Снова смирившись (обычно вспышки гнева длились у него недолго, и был он по природе мягок), он, бывало, оглядится в воскресный или праздничный день и видит: кругом все одно и то же — только усталость и скука, а отсюда и пьянство со всеми его пагубными последствиями. И тогда он воззвал к семье Сановных и сказал, что мы-де — рабочий люд, и мне сдается, рабочему люду, как он ни пригнетен нуждой, — разумение, более высокое, нежели ваше (так оно выходит по моему убогому суждению), определило иметь потребность в здоровом отдыхе, который освежал бы ум. Посмотрите, до чего мы дошли, лишенные такого отдыха. Так вот! Доставьте мне безвредные развлечения, что-нибудь мне покажите, откройте мне отдушину!

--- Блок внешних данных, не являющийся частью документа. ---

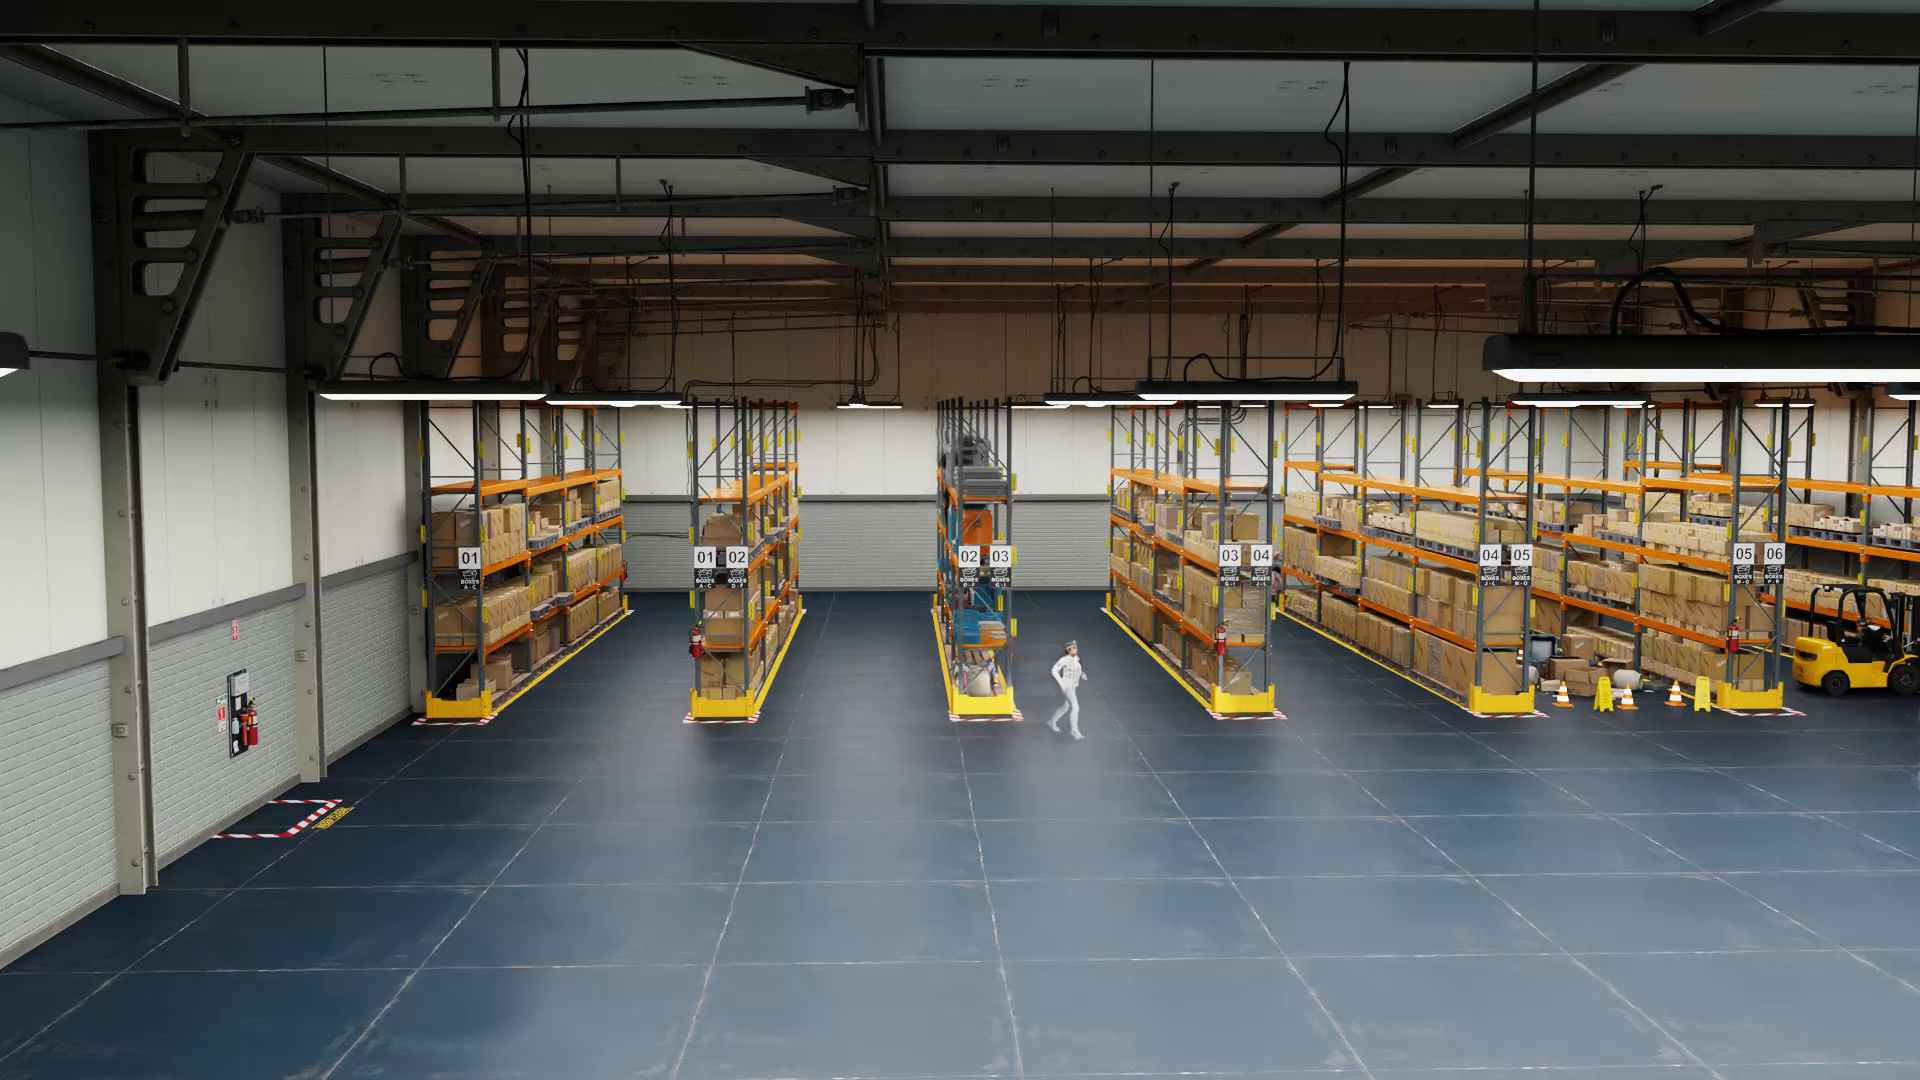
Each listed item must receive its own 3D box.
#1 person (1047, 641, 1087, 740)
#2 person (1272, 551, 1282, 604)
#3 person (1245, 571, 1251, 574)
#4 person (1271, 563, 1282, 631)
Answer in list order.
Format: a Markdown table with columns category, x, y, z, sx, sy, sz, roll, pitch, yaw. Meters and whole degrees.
| category | x | y | z | sx | sy | sz | roll | pitch | yaw |
| --- | --- | --- | --- | --- | --- | --- | --- | --- | --- |
| person | 1.884 | 2.613 | 29.267 | 0.812 | 1.732 | 0.611 | 3 | 5 | 33 |
| person | 9.200 | 1.137 | 49.040 | 0.665 | 1.654 | 0.773 | 1 | 4 | 9 |
| person | 7.978 | 1.250 | 46.837 | 0.747 | 1.743 | 0.728 | 1 | 4 | 8 |
| person | 8.149 | 1.457 | 43.943 | 0.657 | 1.791 | 1.073 | 0 | 4 | -5 |
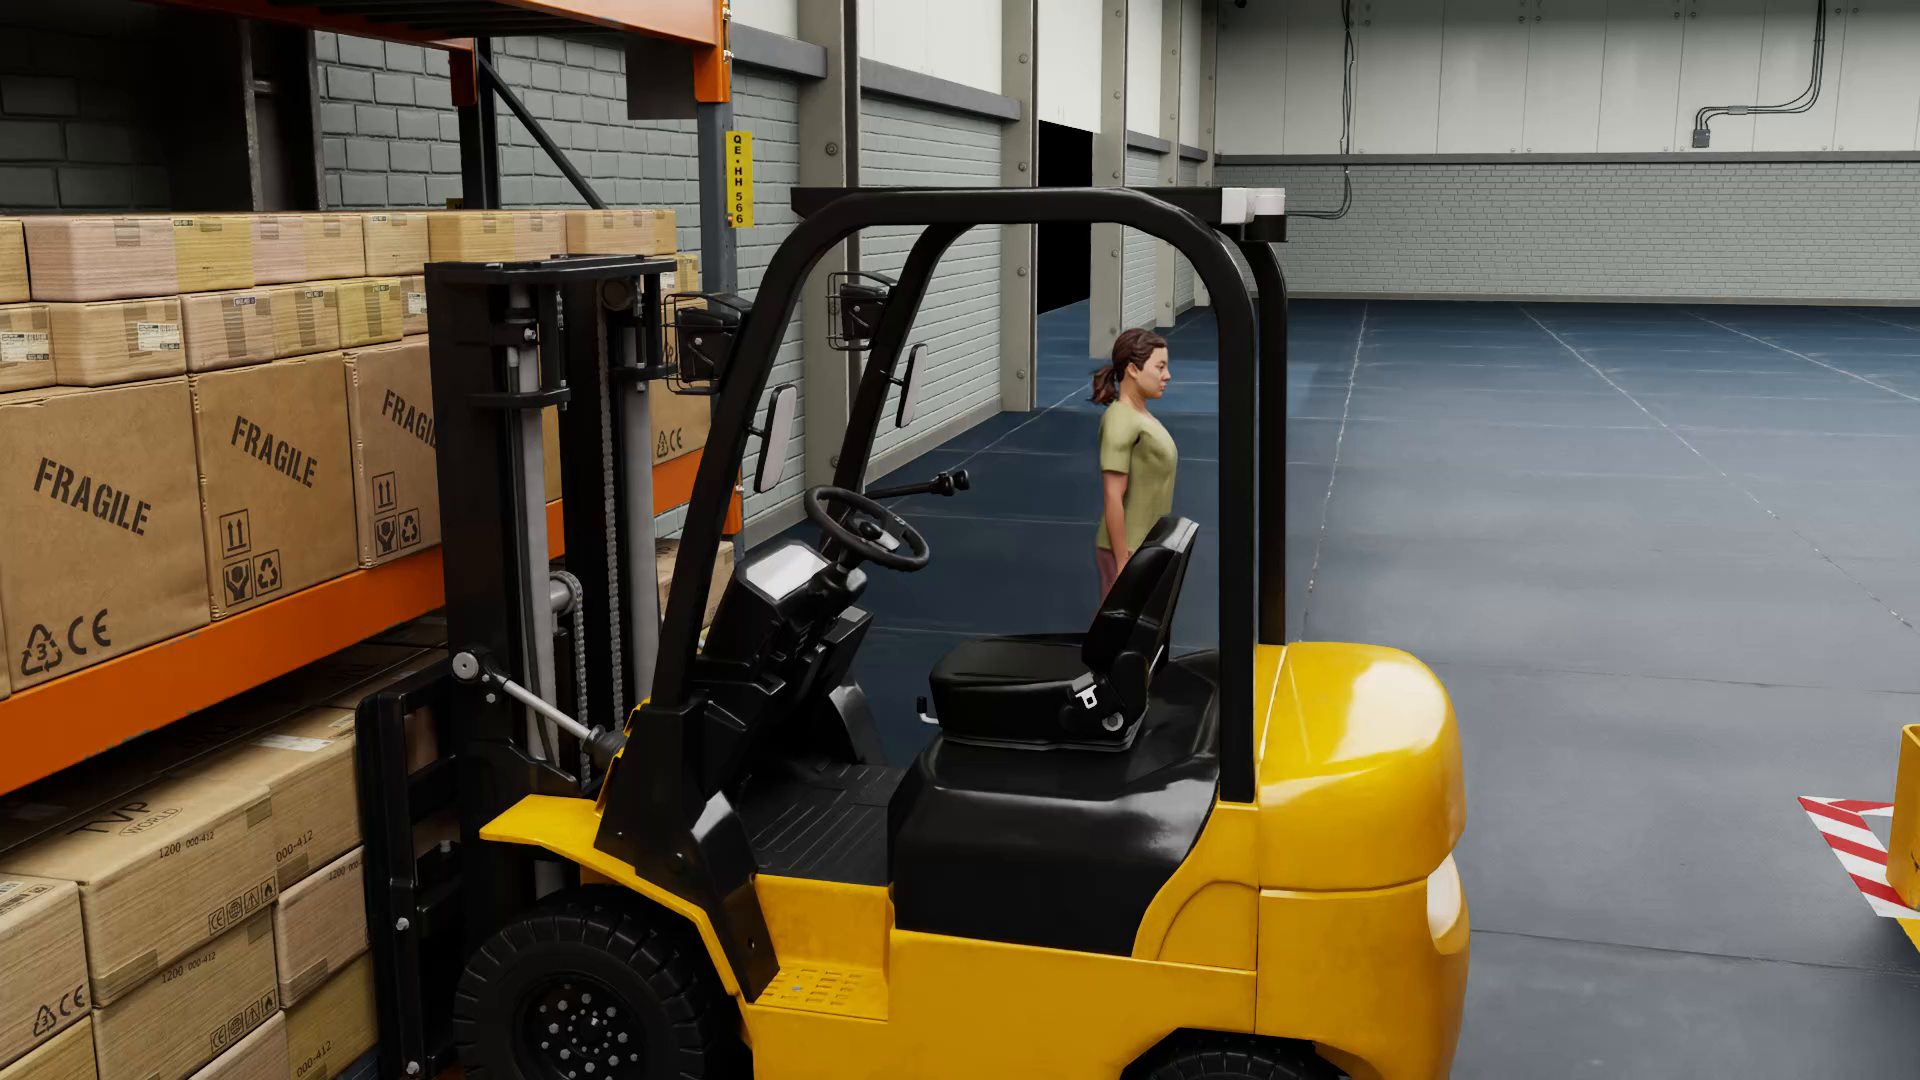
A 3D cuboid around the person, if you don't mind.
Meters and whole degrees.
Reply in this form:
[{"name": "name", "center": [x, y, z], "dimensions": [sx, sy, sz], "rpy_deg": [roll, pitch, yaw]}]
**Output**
[{"name": "person", "center": [0.525, 0.069, 6.085], "dimensions": [0.485, 1.665, 0.640], "rpy_deg": [3, 12, 15]}]
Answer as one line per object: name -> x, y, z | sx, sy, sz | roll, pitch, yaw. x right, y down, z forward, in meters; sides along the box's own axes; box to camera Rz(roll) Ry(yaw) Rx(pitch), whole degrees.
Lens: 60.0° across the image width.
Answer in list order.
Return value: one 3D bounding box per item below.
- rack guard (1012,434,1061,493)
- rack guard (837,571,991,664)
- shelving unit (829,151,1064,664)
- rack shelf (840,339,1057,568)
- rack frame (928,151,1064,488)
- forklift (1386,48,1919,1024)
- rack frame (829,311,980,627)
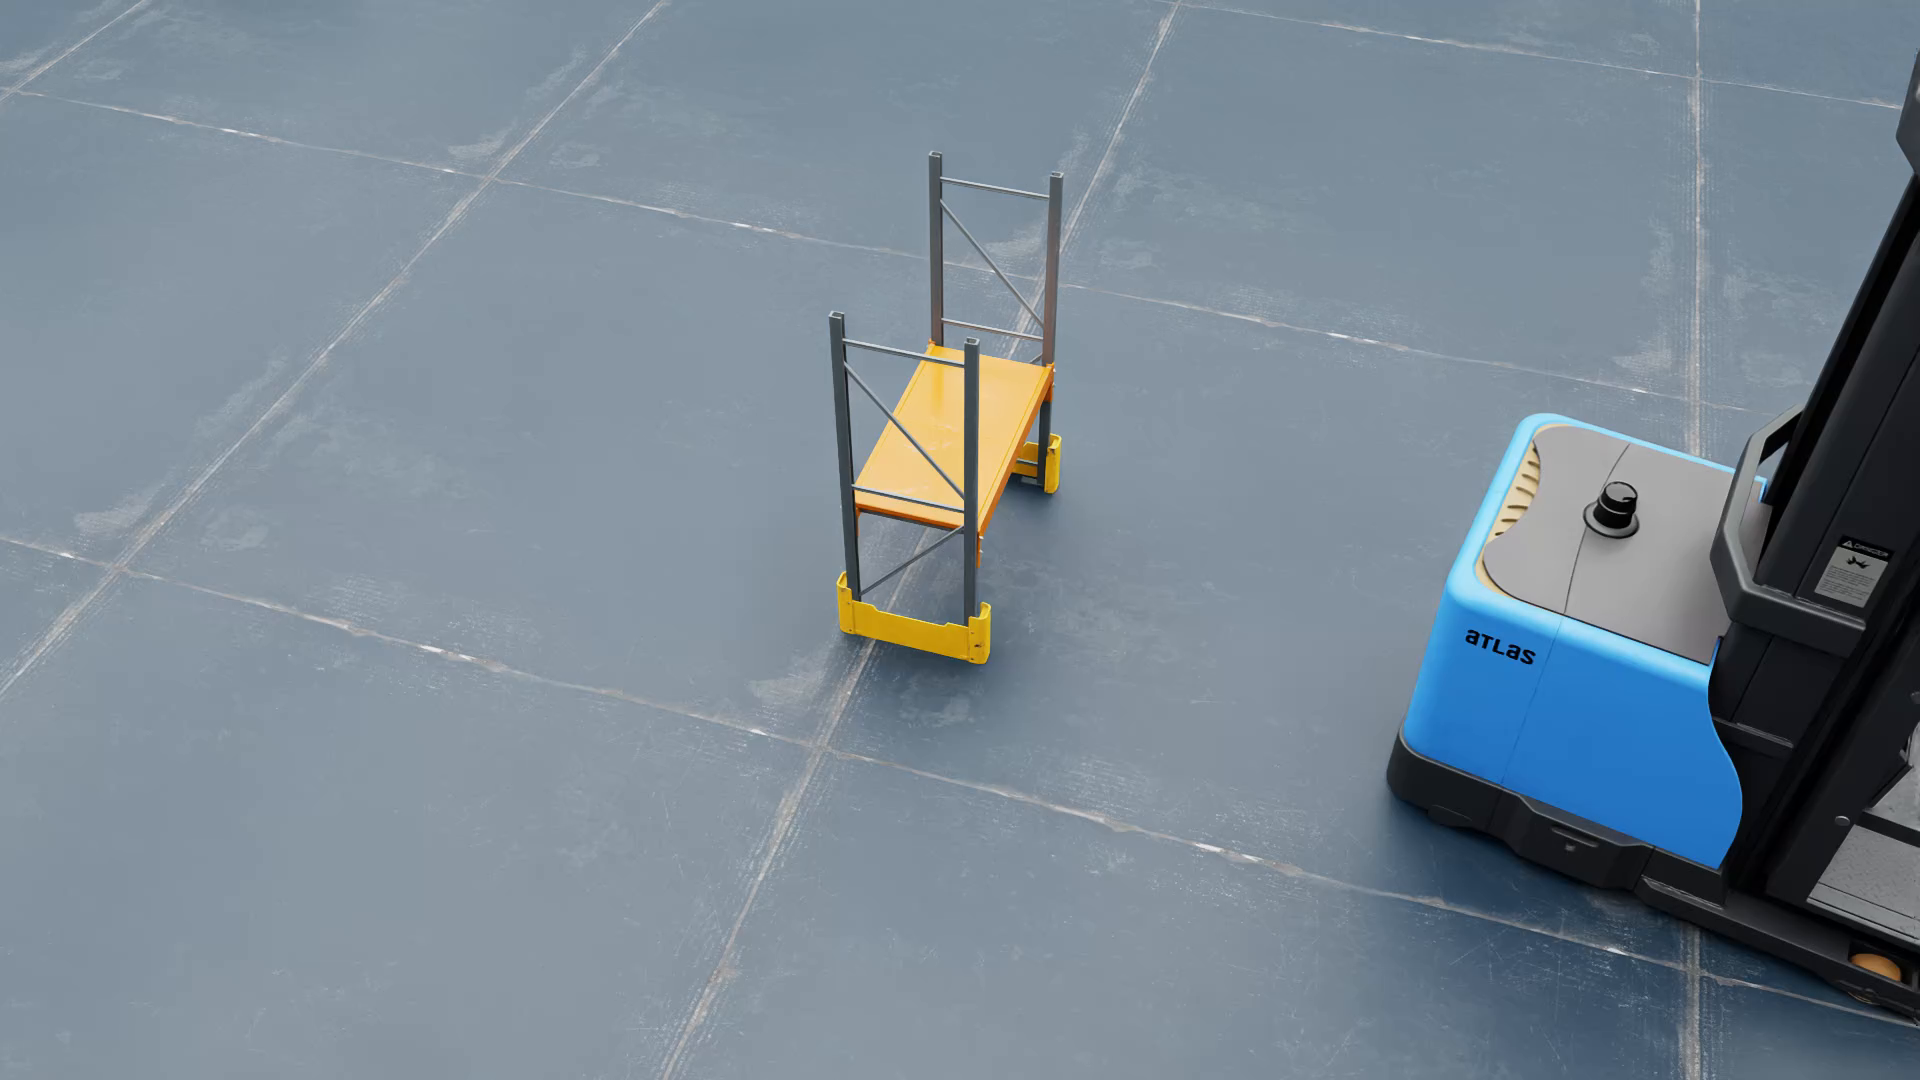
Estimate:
rack guard -> 0.128, -0.370, 6.950 | 0.587, 0.250, 0.087 | 13, 46, 13
rack guard -> -0.174, 0.293, 6.271 | 0.587, 0.250, 0.087 | 13, 46, 13
shelving unit -> -0.023, -0.485, 6.174 | 0.587, 1.500, 1.083 | 13, 46, 13
rack shelf -> -0.026, -0.351, 6.293 | 0.538, 0.185, 1.000 | 13, 46, 13
rack frame -> 0.128, -0.818, 6.514 | 0.500, 1.500, 0.032 | 13, 46, 13
forklift -> 3.030, 0.052, 4.601 | 3.031, 2.935, 1.130 | 21, 48, 20
rack frame -> -0.180, -0.140, 5.821 | 0.500, 1.500, 0.032 | 13, 46, 13
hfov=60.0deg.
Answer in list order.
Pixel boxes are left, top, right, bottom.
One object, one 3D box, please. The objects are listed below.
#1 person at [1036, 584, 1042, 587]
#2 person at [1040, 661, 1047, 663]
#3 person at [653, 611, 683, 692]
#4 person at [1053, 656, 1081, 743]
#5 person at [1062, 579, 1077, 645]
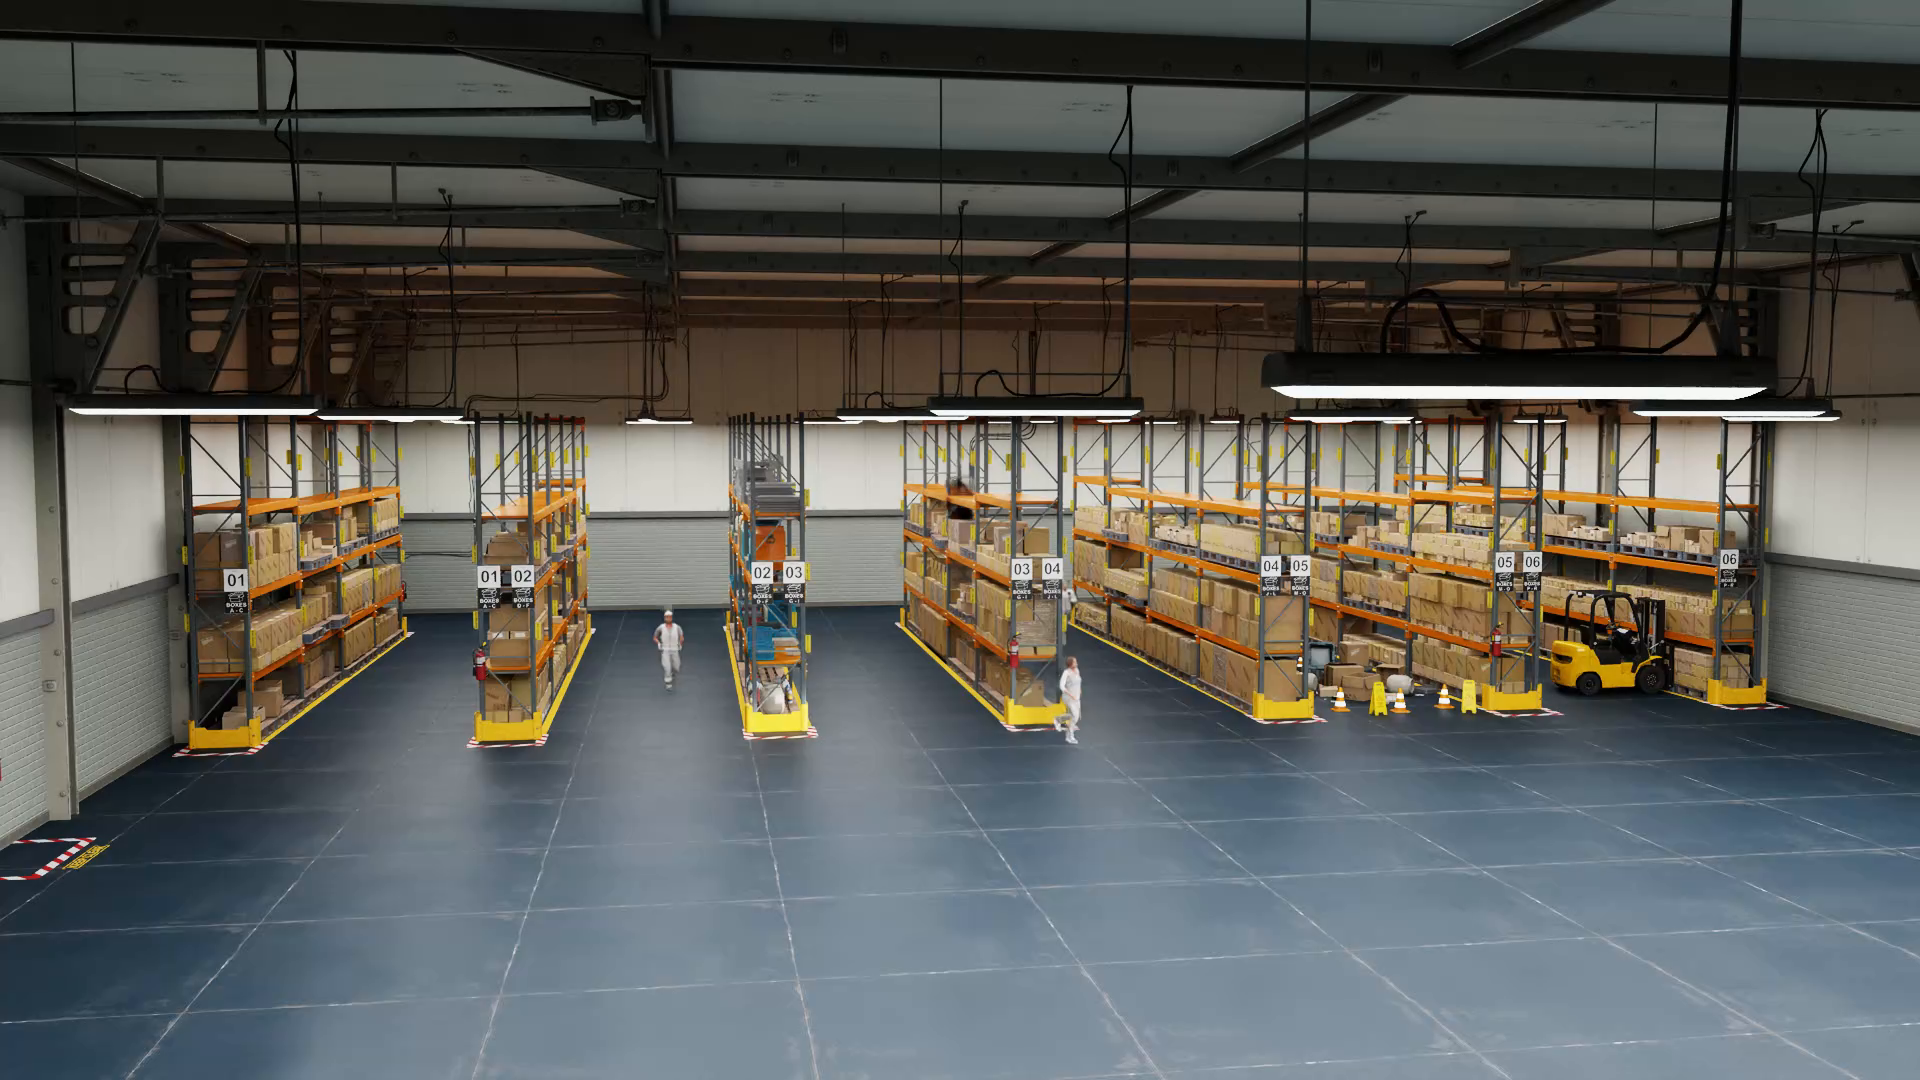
[{"bbox_3d":[2.086,1.659,48.049,0.691,1.593,0.547,1,4,11],"label":"person"},{"bbox_3d":[1.978,2.112,40.408,0.720,1.738,0.787,-1,4,-18],"label":"person"},{"bbox_3d":[-6.300,2.406,36.002,0.653,1.736,0.621,-1,4,-19],"label":"person"},{"bbox_3d":[1.950,2.892,30.306,0.608,1.584,0.549,3,5,39],"label":"person"},{"bbox_3d":[2.805,1.891,44.033,0.586,1.747,0.777,0,4,-5],"label":"person"}]

Но тут в семье Сановных поднялся уж и вовсе оглушительный шум. Пробился было чей-то еле слышный голос, предлагавший показать ему чудеса земли, величие мироздания, огромные исторические перемены, творения природы и красоты искусства — показать ему все это… разумеется, урывками, когда у него найдется время посмотреть, — но Сановные так разорались и взъярились, так пошли громить с кафедр, амвонов, и нести всякий вздор, и подавать петиции, и всячески друг друга обзывать и выволакивать в грязи, такой закрутили вихрь парламентских запросов и уклончивых ответов, — где рядом с «я бы рад» стояло наготове «я не смею», — что бедняга совсем ошалел и только растерянно озирался.
— Неужели это все из-за меня? — сказал он в ужасе, затыкая уши. — Я всего лишь выставил безобидное предложение, подсказанное мне тем, что я видел в своем домашнем кругу, и тем, что знает каждый, если только нарочно не закрывает глаза! И я не понимаю, и меня не понимают. Что ж теперь будет?
Он ниже склонялся над своей работой и все чаще спрашивал об этом сам себя, когда поползли слухи, что среди рабочих людей идет моровое поветрие, которое уносит их тысячами. Пошел он посмотреть и скоро убедился, что это правда. Мертвые и умирающие лежали вповалку в скученных и зараженных домах, где прошла его жизнь. Новая отрава пропитала воздух, и всегда-то темный и смрадный. Сильного и слабого, престарелого и малолетнего, и отца, и мать — всех без разбора косила смерть.
На какие средства мог бы он бежать? Он остался на месте, и кто был ему дорог, один за другим умирали на его глазах. Пришел к нему добрый проповедник и хотел помолиться с ним, чтобы смягчилось его омраченное сердце, но он ответил:
— Ох, что проку, божий человек, приходить ко мне, раз я осужден оставаться в этом вонючем месте, где всякое чувство, данное мне для услаждения, приносит только пытку, и всякая минута моих считанных дней добавляет новые нечистоты к той куче, под которой я лежу, придавленный! Но дайте мне немножко воздуха и света, чтобы мне сквозь них заглянуть в небо, которого я сроду не видел; дайте мне свежей воды; помогите мне стать чище; сделайте легче этот тяжелый воздух и эту тяжелую жизнь, которые принижают наш дух и превращают нас в те бездушные и бессердечные создания, какими вы так часто видите нас; тихой и доброй рукой уберите тела наших умерших из этих тесных комнат, где мы так привыкли к страшному таинству смерти, что даже оно утратило для нас всякую святость. И тогда, учитель, я стану слушать — уж вам ли не знать, как охотно, — слова о том, чьи мысли были всегда с бедняками и кто имел сострадание ко всякому человеческому горю!